## One-hot encoding of characters
----

One-hot encoding is the most common, most basic way to turn a token into a vector. It consists in associating a unique integer index to every character, then 
turning this integer index i into a binary vector of size N, the size of the vocabulary, that would be all-zeros except for the i-th 
entry, which would be 1.

In [1]:
# Load packages
import string
import numpy as np

In [2]:
# Sample data
samples = ["The cat sat on the mat.", "The dog ate my homework.", "I am writing code in Python."]

In [3]:
# Get all ascii character list
characters = string.printable

print("Number of characters = ", len(characters))

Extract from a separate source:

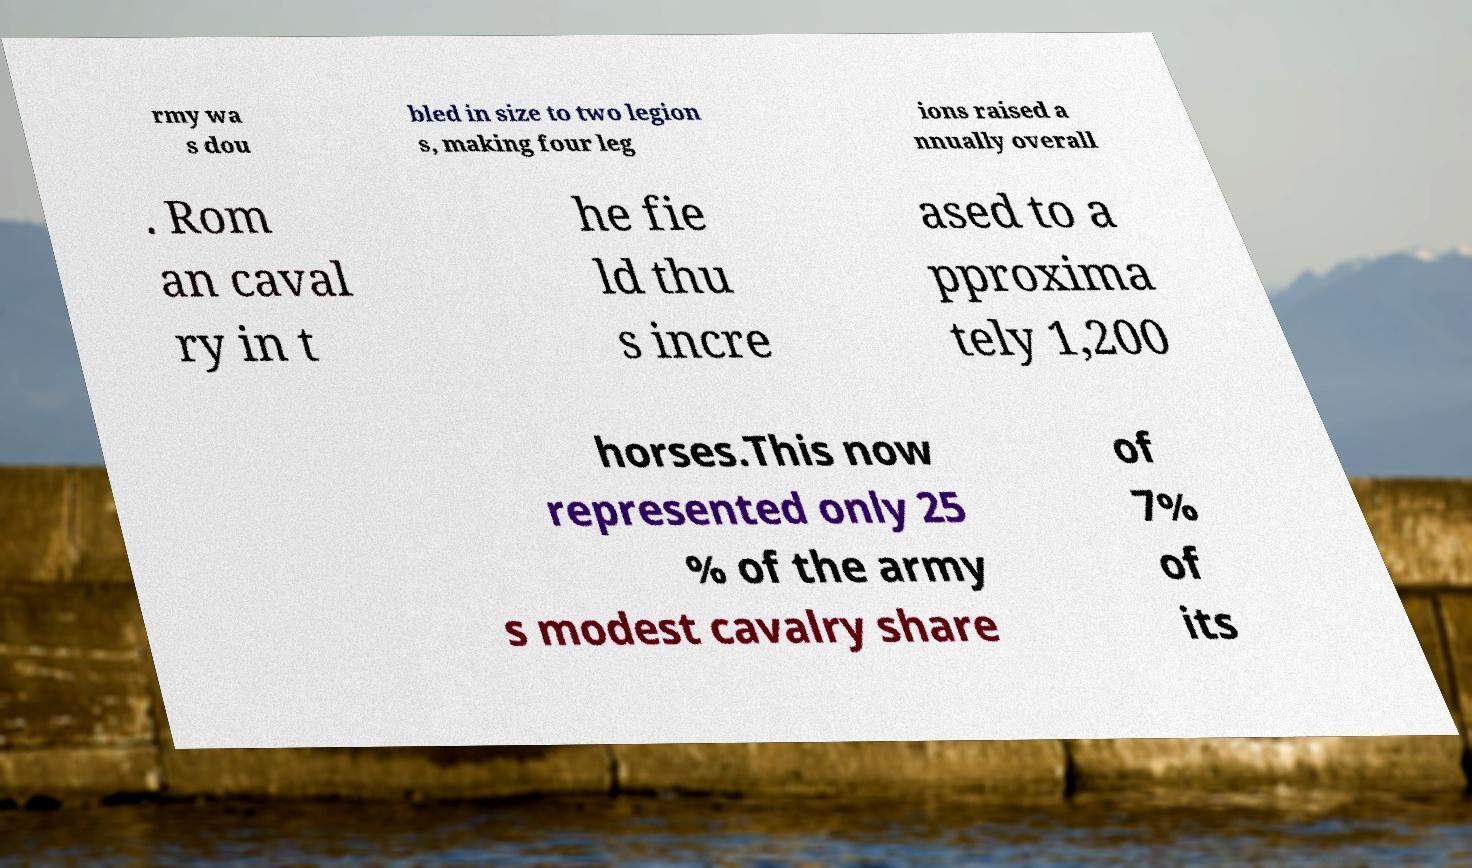I need the written content from this picture converted into text. Can you do that? rmy wa s dou bled in size to two legion s, making four leg ions raised a nnually overall . Rom an caval ry in t he fie ld thu s incre ased to a pproxima tely 1,200 horses.This now represented only 25 % of the army s modest cavalry share of 7% of its

Number of characters =  100


In [4]:
# View
characters[0], characters[10], characters[-1]

('0', 'a', '\x0c')

In [5]:
# Create character-index mapping
token_index = dict(zip(characters, range(len(characters))))

print(token_index)

{'0': 0, '1': 1, '2': 2, '3': 3, '4': 4, '5': 5, '6': 6, '7': 7, '8': 8, '9': 9, 'a': 10, 'b': 11, 'c': 12, 'd': 13, 'e': 14, 'f': 15, 'g': 16, 'h': 17, 'i': 18, 'j': 19, 'k': 20, 'l': 21, 'm': 22, 'n': 23, 'o': 24, 'p': 25, 'q': 26, 'r': 27, 's': 28, 't': 29, 'u': 30, 'v': 31, 'w': 32, 'x': 33, 'y': 34, 'z': 35, 'A': 36, 'B': 37, 'C': 38, 'D': 39, 'E': 40, 'F': 41, 'G': 42, 'H': 43, 'I': 44, 'J': 45, 'K': 46, 'L': 47, 'M': 48, 'N': 49, 'O': 50, 'P': 51, 'Q': 52, 'R': 53, 'S': 54, 'T': 55, 'U': 56, 'V': 57, 'W': 58, 'X': 59, 'Y': 60, 'Z': 61, '!': 62, '"': 63, '#': 64, '$': 65, '%': 66, '&': 67, "'": 68, '(': 69, ')': 70, '*': 71, '+': 72, ',': 73, '-': 74, '.': 75, '/': 76, ':': 77, ';': 78, '<': 79, '=': 80, '>': 81, '?': 82, '@': 83, '[': 84, '\\': 85, ']': 86, '^': 87, '_': 88, '`': 89, '{': 90, '|': 91, '}': 92, '~': 93, ' ': 94, '\t': 95, '\n': 96, '\r': 97, '\x0b': 98, '\x0c': 99}


In [6]:
# Create array to hold character vectors
max_num_chars = 100
one_hot_encoded = np.zeros(shape=(len(samples), max_num_chars, len(token_index)))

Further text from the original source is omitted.